=== TASK INSTRUCTIONS ===
The answer must repeat every record exactly, with all pictures omitted.

=== DATA TO USE ===

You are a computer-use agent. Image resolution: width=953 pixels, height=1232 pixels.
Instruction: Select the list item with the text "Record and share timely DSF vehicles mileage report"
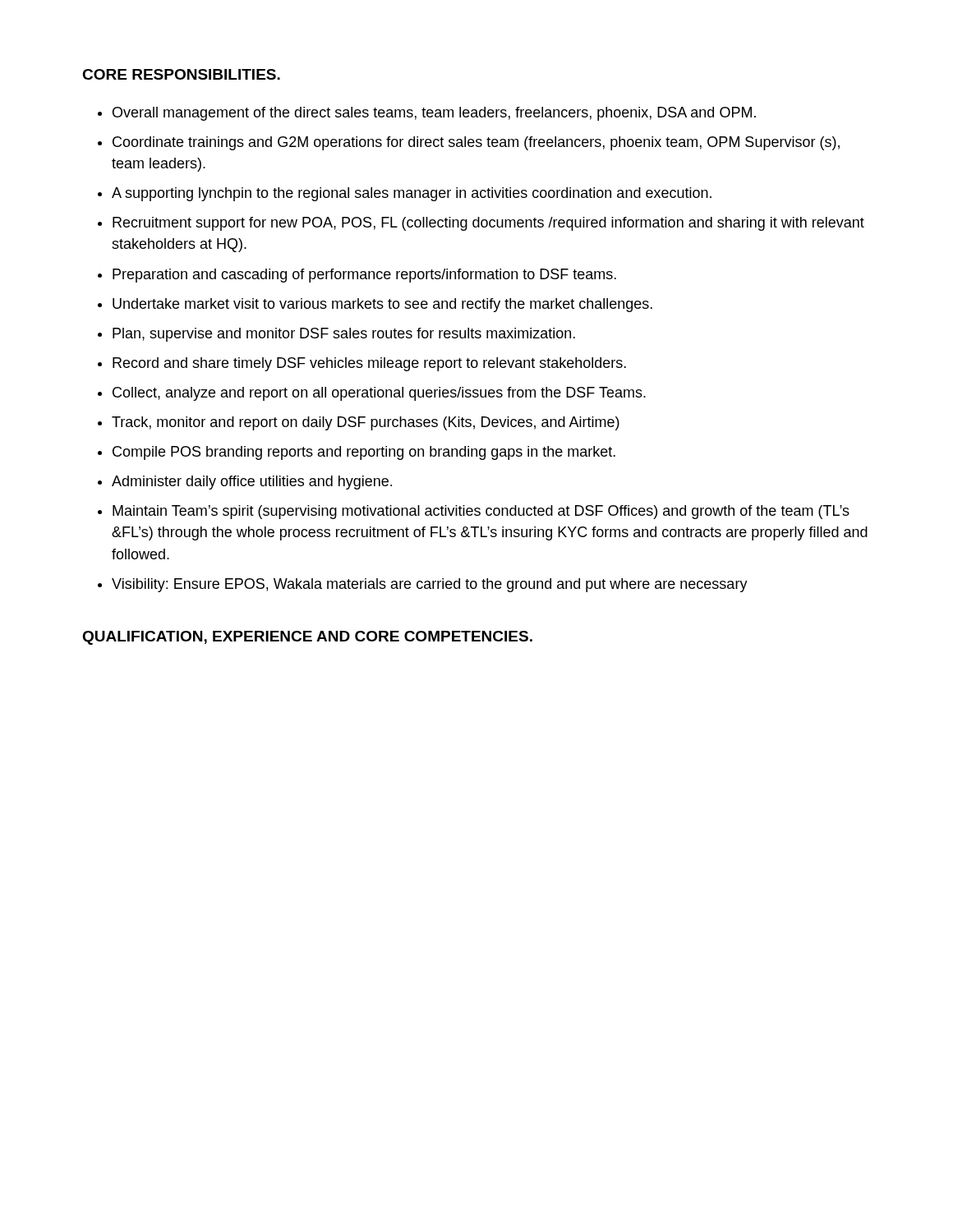[491, 363]
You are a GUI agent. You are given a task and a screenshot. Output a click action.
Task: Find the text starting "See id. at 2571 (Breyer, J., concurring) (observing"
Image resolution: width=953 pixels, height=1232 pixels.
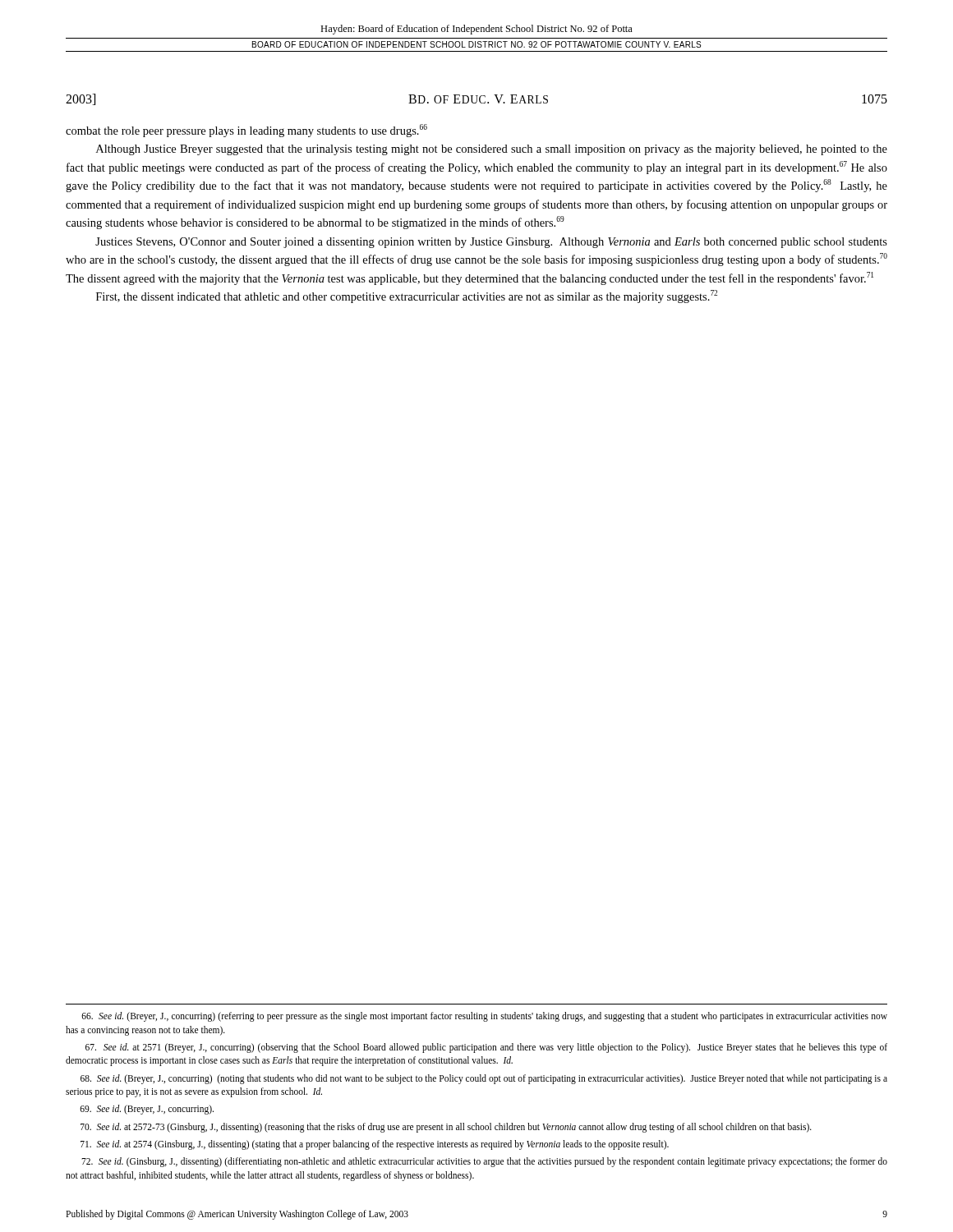476,1054
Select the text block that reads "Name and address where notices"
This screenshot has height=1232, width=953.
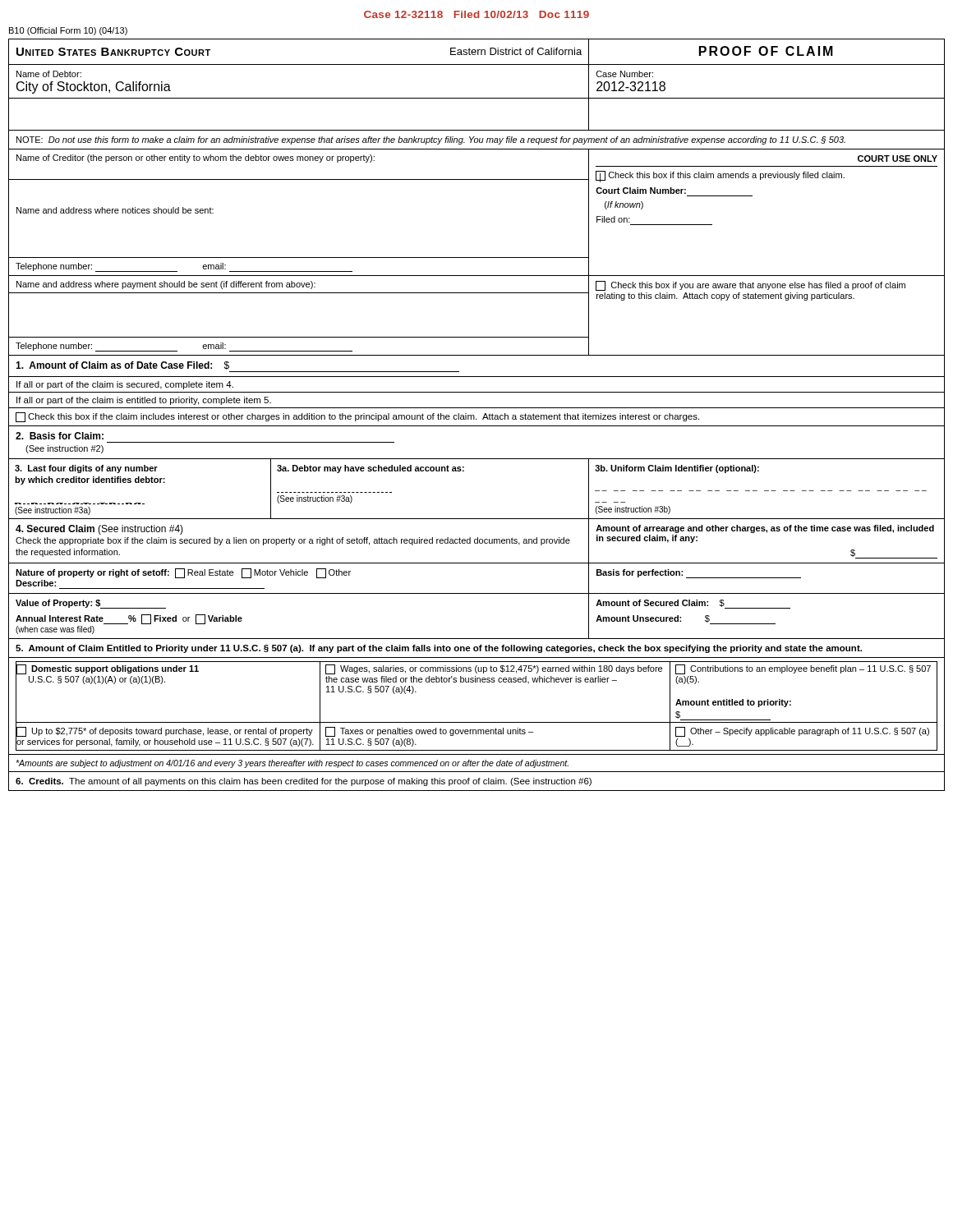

=== WRITTEN ANSWER ===
You are a computer-use agent. Image resolution: width=953 pixels, height=1232 pixels.
Instruction: Select the list item with the text "Record and share timely DSF vehicles mileage report"
[491, 363]
You are a GUI agent. You are given a task and a screenshot. Output a click action.
Task: Find the text starting "See id. at 2571 (Breyer, J., concurring) (observing"
Image resolution: width=953 pixels, height=1232 pixels.
476,1054
Select the text block that reads "Name and address where notices"
This screenshot has height=1232, width=953.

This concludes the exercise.